SP: I think we need a single "thumbnails" track that is always active

  • but the example that JW showed includes both a thumbnail and some descriptive text on top of the chapter title text

JW: I'd like to see a thumbnail be part of chapters; descriptive text not so much

Silvia: I think the display that JW has with images, title & descriptive text is a good example for a metadata track - it's displayed outside the video frame anyway

  • but if all browsers say that chapters always contain images, then we've obviously underspecified chapter tracks

JN: we always display thumbnails with chapter titles

PJ: if it's a real use case, maybe we should extend the spec

SP: should we include thumbnails into chapters?

PJ: le'ts experiment with thumbnail tracks first

  • general agreement that that type of track is more important

Inband tracks for live video

JW: how can we transport text tracks in live video?

  • in particular we have cue start times only with no end time - end times are determined by the start of the next cue; mostly for captions

SP: at one stage we had a proposal to introduce a special "NEXT" keyword for end times; then we can stream e.g. in-band in WebM?

PS: and use blank cues to get breaks

JW: it's a good proposal

PJ: how do we deal with chapters in live streaming?

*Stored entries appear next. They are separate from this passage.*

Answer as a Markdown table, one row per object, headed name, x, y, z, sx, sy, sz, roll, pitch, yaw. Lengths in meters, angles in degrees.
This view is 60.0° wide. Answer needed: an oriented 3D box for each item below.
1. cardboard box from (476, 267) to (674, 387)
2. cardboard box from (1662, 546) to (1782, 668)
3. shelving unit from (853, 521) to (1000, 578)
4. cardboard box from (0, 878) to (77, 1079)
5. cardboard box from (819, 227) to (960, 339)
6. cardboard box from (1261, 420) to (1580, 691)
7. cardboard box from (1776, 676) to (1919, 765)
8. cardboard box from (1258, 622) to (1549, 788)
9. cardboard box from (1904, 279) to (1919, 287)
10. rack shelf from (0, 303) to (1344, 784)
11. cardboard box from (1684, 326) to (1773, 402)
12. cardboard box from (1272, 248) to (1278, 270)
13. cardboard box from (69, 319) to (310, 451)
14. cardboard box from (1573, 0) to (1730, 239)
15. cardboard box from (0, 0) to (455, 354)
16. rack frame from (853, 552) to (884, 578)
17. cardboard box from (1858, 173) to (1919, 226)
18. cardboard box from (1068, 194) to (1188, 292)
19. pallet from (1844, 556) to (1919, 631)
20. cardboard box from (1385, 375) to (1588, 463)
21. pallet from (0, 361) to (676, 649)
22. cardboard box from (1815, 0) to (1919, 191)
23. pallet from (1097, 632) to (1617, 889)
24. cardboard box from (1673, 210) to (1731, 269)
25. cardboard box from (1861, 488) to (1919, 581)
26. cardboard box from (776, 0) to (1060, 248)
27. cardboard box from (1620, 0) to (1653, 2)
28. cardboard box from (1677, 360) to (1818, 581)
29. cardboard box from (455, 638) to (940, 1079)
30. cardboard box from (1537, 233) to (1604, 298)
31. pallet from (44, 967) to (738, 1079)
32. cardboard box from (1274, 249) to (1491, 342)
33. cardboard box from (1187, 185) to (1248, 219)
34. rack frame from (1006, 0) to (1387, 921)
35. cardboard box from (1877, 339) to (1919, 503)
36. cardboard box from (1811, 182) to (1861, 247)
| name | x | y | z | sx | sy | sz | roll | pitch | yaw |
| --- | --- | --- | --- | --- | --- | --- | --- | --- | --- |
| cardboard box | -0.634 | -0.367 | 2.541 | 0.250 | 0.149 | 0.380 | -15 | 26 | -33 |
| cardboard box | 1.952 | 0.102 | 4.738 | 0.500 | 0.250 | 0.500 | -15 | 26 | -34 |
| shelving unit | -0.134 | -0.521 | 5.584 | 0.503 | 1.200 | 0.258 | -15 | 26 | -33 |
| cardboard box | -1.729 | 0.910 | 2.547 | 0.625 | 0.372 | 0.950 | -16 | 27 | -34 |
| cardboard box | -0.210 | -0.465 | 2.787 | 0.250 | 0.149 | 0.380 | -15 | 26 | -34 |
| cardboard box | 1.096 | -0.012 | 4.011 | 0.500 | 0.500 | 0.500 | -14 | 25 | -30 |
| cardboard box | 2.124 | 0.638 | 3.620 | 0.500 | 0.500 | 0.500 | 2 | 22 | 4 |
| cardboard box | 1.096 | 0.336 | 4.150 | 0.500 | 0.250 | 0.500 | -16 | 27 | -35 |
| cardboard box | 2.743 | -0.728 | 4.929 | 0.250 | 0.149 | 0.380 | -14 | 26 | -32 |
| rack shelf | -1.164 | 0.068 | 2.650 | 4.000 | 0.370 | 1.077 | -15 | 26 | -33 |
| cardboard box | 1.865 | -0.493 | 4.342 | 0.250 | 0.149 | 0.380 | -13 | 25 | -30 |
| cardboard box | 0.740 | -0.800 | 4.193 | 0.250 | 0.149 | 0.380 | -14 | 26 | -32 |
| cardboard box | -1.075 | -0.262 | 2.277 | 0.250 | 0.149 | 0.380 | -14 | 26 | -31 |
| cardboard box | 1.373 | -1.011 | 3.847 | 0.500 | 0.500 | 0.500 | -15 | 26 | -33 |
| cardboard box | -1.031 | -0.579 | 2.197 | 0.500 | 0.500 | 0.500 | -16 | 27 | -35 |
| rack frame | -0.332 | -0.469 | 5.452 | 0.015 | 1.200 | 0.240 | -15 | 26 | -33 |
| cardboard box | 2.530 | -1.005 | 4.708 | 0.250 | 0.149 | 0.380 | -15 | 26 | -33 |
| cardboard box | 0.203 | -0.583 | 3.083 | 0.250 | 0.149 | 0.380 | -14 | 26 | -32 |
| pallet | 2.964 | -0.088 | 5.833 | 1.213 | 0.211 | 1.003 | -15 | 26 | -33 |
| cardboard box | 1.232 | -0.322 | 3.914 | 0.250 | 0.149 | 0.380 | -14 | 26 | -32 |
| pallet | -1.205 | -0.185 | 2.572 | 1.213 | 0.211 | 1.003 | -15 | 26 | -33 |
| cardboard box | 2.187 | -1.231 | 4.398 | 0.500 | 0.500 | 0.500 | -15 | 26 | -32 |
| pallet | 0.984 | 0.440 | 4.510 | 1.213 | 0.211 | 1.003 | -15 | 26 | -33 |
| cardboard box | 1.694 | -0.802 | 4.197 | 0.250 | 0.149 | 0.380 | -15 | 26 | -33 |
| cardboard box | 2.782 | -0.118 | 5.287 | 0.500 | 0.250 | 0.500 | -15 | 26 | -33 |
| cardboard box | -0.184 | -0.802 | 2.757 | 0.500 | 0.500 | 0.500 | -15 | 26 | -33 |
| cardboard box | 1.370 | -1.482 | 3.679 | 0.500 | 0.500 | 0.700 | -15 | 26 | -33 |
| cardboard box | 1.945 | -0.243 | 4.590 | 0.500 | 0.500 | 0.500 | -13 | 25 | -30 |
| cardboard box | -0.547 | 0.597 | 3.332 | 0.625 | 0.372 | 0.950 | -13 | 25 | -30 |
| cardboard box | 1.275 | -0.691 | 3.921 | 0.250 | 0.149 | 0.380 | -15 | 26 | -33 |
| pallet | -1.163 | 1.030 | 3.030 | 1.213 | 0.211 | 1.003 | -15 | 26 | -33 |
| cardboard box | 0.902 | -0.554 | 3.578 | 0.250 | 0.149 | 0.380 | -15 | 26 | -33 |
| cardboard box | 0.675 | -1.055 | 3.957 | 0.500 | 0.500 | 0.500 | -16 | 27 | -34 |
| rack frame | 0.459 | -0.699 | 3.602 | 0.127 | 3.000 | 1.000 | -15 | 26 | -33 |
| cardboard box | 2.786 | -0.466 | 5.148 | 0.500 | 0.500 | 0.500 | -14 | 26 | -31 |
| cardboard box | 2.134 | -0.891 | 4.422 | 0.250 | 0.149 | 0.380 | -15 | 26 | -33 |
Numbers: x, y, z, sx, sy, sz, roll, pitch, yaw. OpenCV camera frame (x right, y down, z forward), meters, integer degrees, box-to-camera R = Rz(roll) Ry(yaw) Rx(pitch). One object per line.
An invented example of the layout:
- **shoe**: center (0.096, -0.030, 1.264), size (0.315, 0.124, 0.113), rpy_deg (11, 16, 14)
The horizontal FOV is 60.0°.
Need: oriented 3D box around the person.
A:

SP: do they even make sense?

PS: for DVR, yes

JW: workflow - ppl want their content available as fast as possible

PJ: what to do for thumbnails for DVR? What if there is already containers that have in-band thumbnails? We should support that.

JN: I don't know if there is a standardised thumbnail track in MP4?

PJ: it seems weird to put a condensed version of the movie into the movie

MD: is there an action plan for live VTT?


  • NEXT keyword instead of end time would enable support of live captioning
  • need to support live VTT - needs a spec change to stop blocking loading until all cues have been loaded

Cross-domain VTT

  • VC: it seems like cross-domain loading of VTT is blocked in the spec, but no browser implements it
  • PJ: same-origin, cross-origin sandboxed, cross-origin DOM-exposed are the three available options
  • VC: yes, but nobody has implemented it


  • need to discuss at W3C?


  • JN: in-band metadata cues are not yet exposed to iOS to the browser
  • Sam: 2nd screen use cases; metadata in cues for DOM interaction
  • MD: live MPEG-DASH support ? We need data events to JS from text tracks from HLS.
  • Steve: Re-using Track / Cue infrastructure for advertising (VMAP).